NYU Winthrop Hospital’s HCM Center is dedicated to helping patients and families coordinate the best care available, and strives to forge a committed, caring, lifelong relationship with each patient.
Hypertrophic cardiomyopathy (HCM) is an inherited disease that can appear without warning or without obvious family history. HCM affects 1 in 500 individuals across all age groups, both genders and every race. In general, one half of all offspring of a known HCM patient will inherit the gene, although when and how the disease manifests itself is highly variable.
HCM is characterized by myocardial disarray, which creates abnormalities in the heart muscle fibers and makes accurate diagnosis and treatment important. HCM often involves:
- excessive thickening of the inter-ventricular septum or other areas
- increased left ventricular stiffness (diastolic function abnormality)

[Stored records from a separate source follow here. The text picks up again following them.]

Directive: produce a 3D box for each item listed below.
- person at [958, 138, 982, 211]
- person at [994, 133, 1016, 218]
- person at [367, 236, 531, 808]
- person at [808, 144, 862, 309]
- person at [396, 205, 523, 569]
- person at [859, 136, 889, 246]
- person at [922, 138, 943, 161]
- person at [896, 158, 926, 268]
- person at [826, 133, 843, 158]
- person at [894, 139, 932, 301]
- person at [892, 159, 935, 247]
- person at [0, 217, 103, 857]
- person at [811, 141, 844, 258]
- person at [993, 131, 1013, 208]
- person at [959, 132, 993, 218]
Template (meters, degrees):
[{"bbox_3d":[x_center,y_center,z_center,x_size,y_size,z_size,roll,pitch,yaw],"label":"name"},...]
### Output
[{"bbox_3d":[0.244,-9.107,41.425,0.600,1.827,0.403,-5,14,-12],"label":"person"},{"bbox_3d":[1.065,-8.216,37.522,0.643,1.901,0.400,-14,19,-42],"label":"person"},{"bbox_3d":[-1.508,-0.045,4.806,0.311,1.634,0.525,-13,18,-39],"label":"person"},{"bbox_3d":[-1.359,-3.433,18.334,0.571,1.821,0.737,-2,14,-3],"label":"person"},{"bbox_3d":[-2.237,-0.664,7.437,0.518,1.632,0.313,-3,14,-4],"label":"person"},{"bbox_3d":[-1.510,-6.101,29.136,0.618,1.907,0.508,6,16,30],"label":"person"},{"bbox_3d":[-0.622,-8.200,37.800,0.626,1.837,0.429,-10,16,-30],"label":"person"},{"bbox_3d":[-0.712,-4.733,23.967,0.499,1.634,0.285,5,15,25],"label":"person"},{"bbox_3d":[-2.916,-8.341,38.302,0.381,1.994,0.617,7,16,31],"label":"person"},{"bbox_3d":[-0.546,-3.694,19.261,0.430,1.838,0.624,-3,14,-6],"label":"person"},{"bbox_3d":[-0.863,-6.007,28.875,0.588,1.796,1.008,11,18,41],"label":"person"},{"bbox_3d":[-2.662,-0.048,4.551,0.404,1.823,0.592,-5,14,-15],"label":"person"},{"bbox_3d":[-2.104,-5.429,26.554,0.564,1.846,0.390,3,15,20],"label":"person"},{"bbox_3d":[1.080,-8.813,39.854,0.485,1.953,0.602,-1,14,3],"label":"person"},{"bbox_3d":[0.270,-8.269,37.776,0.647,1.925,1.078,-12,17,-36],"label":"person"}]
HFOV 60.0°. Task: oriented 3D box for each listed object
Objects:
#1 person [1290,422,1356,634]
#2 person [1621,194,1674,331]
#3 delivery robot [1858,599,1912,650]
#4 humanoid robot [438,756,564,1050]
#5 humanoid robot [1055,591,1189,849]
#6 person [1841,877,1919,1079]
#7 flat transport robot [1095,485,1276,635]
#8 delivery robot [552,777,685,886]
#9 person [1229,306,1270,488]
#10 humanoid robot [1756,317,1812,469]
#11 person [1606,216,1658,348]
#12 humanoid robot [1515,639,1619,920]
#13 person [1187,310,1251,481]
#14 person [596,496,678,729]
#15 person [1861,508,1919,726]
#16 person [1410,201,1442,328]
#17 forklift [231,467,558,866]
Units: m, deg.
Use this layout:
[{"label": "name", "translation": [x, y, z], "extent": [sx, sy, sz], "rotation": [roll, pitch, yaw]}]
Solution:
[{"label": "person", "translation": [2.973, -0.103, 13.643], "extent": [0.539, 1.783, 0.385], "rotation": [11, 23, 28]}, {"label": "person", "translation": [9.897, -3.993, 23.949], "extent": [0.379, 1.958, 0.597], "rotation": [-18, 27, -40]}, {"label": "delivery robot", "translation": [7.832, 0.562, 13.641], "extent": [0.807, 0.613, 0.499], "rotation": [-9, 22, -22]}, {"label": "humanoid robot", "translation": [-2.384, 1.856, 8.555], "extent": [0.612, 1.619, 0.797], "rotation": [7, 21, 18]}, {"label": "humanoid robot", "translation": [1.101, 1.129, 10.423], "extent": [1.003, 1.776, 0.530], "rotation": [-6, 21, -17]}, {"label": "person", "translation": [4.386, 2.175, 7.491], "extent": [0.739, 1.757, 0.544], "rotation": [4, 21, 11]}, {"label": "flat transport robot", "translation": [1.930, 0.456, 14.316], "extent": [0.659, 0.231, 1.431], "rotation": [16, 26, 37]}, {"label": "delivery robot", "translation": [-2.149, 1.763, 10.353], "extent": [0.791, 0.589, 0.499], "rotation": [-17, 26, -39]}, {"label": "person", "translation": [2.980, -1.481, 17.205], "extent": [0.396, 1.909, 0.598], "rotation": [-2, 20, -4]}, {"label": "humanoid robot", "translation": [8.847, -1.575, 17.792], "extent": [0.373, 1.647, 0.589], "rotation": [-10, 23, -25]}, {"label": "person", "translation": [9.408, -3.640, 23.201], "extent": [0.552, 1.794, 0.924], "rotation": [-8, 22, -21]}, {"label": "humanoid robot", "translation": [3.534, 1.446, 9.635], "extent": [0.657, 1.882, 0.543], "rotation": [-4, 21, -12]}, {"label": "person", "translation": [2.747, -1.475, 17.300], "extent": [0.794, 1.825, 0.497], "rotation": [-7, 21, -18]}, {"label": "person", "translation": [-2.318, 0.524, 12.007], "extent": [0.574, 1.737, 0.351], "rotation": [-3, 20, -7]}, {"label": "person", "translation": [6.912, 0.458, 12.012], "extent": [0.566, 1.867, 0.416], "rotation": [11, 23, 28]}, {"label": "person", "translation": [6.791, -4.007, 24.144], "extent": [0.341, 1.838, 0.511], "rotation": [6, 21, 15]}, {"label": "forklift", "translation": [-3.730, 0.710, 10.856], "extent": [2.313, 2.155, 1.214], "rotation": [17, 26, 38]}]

- left ventricular outflow tract (LVOT) obstruction
- mitral valve regurgitation
- pulmonary hypertension
- heart failure (with or without congestion)
- risk of sudden cardiac death (ventricular tachycardia)
HCM Involves a Diverse Range of Symptoms
The clinical presentation of HCM is diverse, ranging from individuals with no apparent symptoms to those with:
- disabling symptoms of heart failure
- exercise intolerance and fatigue
- shortness of breath (dyspnea)
- chest pain
- lightheadedness or passing out (syncope)
HCM is the most common cause of sudden cardiac death in individuals under 30 who appear otherwise healthy. A conclusive diagnosis, which may include genetic testing, is vital to the prognosis and determination of treatment options.
While diagnosis traditionally involves an echocardiogram, the subtleties of the disease manifestations may be difficult to discern, requiring comprehensive focused echocardiographic evaluations using multiple views. When echocardiogram is inconclusive or suspicious for severe thickening or apical variant, cardiac MRI may be required. Other diagnostic testing may include periodic Holter monitoring, stress testing, and cardiac catheterization.
Although there is no cure, most patients with symptoms can be managed with:
- appropriate education and lifestyle modification
- medical and pharmacologic therapy, including beta-blockers, calcium antagonists, anti-arrhythmic drugs and anticoagulants
- pacemaker therapy
- implantation of an internal cardioverter defibrillator (ICD) to prevent sudden cardiac death
When symptoms persist despite the above measures, surgical myectomy or catheter-based alcohol septal ablation (ASA) may be used to:
- reduce the size of the thickened septum
- enlarge the ventricular outflow tract
- eliminate obstruction and mitral regurgitation
- improve diastolic function
- improve pulmonary hypertension
- improve heart failure symptoms
HCM is an inherited disease, and it is not enough to simply treat the patient. All blood relatives must be evaluated by genetic testing or echocardiogram— the latter at routine intervals regardless of initial results — and all children need to be evaluated by pediatric cardiologists specializing in the disease.